🤖 AI Summary
This work addresses the limitation of existing Retrieval-Augmented Generation (RAG) evaluation methods, which predominantly focus on final answer quality and lack fine-grained assessment of individual evidence contributions during reasoning. The authors propose CUE-R, a novel framework that introduces lightweight intervention mechanisms—REMOVE, REPLACE, and DUPLICATE—to quantify the operational utility of evidence along four dimensions: correctness, proxy faithfulness, confidence error, and behavioral trajectory shift.
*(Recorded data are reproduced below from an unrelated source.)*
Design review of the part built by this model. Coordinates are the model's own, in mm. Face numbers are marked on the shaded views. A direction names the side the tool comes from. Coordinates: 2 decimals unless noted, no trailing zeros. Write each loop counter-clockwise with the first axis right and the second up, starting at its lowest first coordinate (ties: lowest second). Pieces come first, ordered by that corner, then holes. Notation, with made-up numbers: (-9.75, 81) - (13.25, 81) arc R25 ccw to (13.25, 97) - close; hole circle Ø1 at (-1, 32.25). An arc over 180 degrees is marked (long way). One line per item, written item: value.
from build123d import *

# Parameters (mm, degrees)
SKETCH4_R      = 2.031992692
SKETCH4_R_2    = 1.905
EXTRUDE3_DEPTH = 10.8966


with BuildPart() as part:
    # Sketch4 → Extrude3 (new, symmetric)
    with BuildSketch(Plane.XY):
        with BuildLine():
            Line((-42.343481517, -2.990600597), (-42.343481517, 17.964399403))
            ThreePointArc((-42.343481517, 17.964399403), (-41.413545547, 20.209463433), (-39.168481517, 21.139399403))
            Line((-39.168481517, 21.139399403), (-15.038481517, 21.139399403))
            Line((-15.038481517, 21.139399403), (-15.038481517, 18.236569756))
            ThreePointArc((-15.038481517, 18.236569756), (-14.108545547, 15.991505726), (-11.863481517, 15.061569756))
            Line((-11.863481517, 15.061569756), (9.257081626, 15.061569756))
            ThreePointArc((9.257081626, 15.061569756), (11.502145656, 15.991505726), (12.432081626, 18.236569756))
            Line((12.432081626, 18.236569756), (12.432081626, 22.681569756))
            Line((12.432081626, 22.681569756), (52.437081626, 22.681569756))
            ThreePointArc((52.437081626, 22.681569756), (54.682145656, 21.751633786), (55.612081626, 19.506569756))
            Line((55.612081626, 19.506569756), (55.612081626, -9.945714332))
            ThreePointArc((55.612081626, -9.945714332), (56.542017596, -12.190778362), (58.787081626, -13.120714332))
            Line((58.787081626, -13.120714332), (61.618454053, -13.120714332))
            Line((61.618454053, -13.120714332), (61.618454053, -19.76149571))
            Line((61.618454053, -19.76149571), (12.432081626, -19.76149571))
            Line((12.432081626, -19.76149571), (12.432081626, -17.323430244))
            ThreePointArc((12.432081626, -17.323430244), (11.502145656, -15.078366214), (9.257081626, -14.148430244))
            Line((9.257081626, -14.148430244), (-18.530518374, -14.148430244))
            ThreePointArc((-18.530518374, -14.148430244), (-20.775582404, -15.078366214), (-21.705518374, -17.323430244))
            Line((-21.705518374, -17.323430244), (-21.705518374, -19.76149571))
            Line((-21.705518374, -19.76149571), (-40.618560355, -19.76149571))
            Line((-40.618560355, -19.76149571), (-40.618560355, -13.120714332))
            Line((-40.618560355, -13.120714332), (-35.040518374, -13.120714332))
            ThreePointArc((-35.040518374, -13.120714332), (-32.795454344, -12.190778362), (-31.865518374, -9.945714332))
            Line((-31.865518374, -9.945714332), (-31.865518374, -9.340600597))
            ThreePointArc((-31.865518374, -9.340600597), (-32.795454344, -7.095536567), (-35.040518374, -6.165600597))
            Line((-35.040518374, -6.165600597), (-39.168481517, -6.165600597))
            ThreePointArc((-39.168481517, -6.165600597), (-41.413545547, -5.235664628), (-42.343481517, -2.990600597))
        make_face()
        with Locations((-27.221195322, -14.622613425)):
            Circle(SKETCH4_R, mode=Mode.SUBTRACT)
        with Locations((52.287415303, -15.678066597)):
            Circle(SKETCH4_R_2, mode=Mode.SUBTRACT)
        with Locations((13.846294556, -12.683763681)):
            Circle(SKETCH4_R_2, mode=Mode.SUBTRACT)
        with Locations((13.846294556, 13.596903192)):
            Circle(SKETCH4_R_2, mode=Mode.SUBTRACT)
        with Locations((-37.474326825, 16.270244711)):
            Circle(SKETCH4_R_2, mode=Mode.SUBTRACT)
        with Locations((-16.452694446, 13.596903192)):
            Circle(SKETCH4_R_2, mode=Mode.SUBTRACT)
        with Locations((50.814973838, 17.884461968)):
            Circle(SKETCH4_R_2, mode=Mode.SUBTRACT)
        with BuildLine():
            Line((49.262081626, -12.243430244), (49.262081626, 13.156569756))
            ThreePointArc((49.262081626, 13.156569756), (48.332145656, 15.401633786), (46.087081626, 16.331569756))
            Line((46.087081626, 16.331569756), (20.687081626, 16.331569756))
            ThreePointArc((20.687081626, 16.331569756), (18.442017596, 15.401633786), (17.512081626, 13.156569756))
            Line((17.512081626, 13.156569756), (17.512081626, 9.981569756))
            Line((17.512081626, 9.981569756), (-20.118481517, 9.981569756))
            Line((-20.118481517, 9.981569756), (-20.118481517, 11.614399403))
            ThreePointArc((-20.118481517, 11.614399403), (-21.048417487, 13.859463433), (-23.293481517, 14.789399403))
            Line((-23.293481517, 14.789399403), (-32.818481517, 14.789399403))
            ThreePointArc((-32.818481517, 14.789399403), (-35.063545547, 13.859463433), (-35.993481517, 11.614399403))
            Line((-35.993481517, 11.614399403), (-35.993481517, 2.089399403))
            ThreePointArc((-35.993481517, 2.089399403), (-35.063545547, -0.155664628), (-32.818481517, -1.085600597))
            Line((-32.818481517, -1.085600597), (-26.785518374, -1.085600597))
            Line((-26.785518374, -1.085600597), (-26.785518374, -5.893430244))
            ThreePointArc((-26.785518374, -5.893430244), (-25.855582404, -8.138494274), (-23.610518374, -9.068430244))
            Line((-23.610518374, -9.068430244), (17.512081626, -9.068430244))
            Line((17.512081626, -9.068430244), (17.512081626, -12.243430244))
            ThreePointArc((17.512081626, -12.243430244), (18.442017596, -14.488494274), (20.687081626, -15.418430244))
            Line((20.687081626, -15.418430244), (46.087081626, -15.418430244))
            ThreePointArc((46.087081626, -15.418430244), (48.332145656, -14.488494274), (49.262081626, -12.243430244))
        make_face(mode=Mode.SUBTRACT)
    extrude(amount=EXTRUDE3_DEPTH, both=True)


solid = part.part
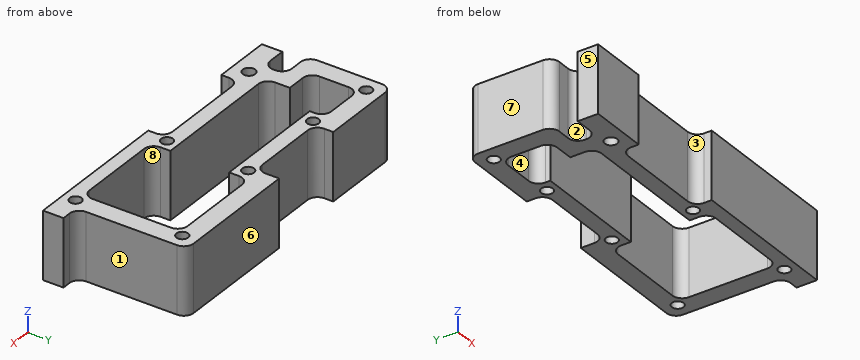
1. Wall thickness on line 1 along Y through (x, z) = (8.5, -8.75); line 2 along X through (y, z) = (-15, -5); line 3 along X through (y, z) = (11, 6.5): over which ranges is each line inside the solid? List them lowest first.
Answer block:
line 1: y = -14.15 to -9.07, 9.98 to 15.06
line 2: x = -40.62 to -29.22, -25.22 to -20.69, 11.42 to 19.11, 47.66 to 50.51, 54.07 to 61.62
line 3: x = -42.34 to -35.99, -20.12 to 17.51, 49.26 to 55.61
2. Consider section C-C, the plane z = -9. Give the number of separate pieces and of enclosed holes in the cut face, then the cut area to 3 significant figures.
Answer block:
separate pieces: 1
enclosed holes: 8
area: 1,580 mm^2
3. Consider section B-B, the plane x = 4.5. Write out the cut boundary in (y, z).
Answer block:
outline: (-14.15, -10.9) - (-9.07, -10.9) - (-9.07, 10.9) - (-14.15, 10.9) - close; (9.98, -10.9) - (15.06, -10.9) - (15.06, 10.9) - (9.98, 10.9) - close
4. For the marked faces 1, 2, 3, 4 and 5, list the 3-axis set-ups (+Z, -Z, +X, -X, +Y, -Y) from which the entire face can be reached by the end or side of a thin tool; tool diameter is ignored.
Answer block:
face 1: +Z, -Z, +X, +Y
face 2: +Z, -Z, -X
face 3: +Z, -Z, -Y
face 4: +Z, -Z
face 5: +Z, -Z, -X, -Y
5. Mouldability with a two-part tool opening along X and no side actions: class the marked faces 6, 7 and 8 as released by +X, released by -X, zero draft, split by the parting line, or undercut.
Answer block:
face 6: zero draft
face 7: released by -X
face 8: undercut
6. Consider section A-A, the plane x = 22.5. Write out the cut boundary in (y, z).
Answer block:
outline: (-19.76, -10.9) - (-15.42, -10.9) - (-15.42, 10.9) - (-19.76, 10.9) - close; (16.33, -10.9) - (22.68, -10.9) - (22.68, 10.9) - (16.33, 10.9) - close
7. Insertion check: pin 1 Ø3.5 at (y, z) = (-10, -4) entering from +X; pin 2 Ø1.5 at (y, z) = (-14, -3) entering from -X; pin 3 Ø5.5 at (y, z) = (-4.5, 5) entering from +X; pin 4 Ø3.5 at (x, y) = (50.81, 17.88) entering from +Z. Each pin has a flat end and moves straight along its axis. Give the tip position at first contact, or say it passes through.
Answer block:
pin 1: stops at x = 56.17
pin 2: stops at x = -40.62
pin 3: stops at x = 55.61
pin 4: passes through

This approach moves beyond answer-centric evaluation paradigms and reveals non-additive interaction effects among multi-hop evidence. Experiments on HotpotQA and 2WikiMultihopQA demonstrate that REMOVE and REPLACE significantly degrade performance and induce behavioral shifts, while DUPLICATE, though redundant, is not neutral; moreover, jointly removing multi-hop evidence causes performance degradation far exceeding that of single-evidence removal.
📝 Abstract
As language models shift from single-shot answer generation toward multi-step reasoning that retrieves and consumes evidence mid-inference, evaluating the role of individual retrieved items becomes more important. Existing RAG evaluation typically targets final-answer quality, citation faithfulness, or answer-level attribution, but none of these directly targets the intervention-based, per-evidence-item utility view we study here. We introduce CUE-R, a lightweight intervention-based framework for measuring per-evidence-item operational utility in single-shot RAG using shallow observable retrieval-use traces. CUE-R perturbs individual evidence items via REMOVE, REPLACE, and DUPLICATE operators, then measures changes along three utility axes (correctness, proxy-based grounding faithfulness, and confidence error) plus a trace-divergence signal. We also outline an operational evidence-role taxonomy for interpreting intervention outcomes. Experiments on HotpotQA and 2WikiMultihopQA with Qwen-3 8B and GPT-5.2 reveal a consistent pattern: REMOVE and REPLACE substantially harm correctness and grounding while producing large trace shifts, whereas DUPLICATE is often answer-redundant yet not fully behaviorally neutral. A zero-retrieval control confirms that these effects arise from degradation of meaningful retrieval. A two-support ablation further shows that multi-hop evidence items can interact non-additively: removing both supports harms performance far more than either single removal. Our results suggest that answer-only evaluation misses important evidence effects and that intervention-based utility analysis is a practical complement for RAG evaluation.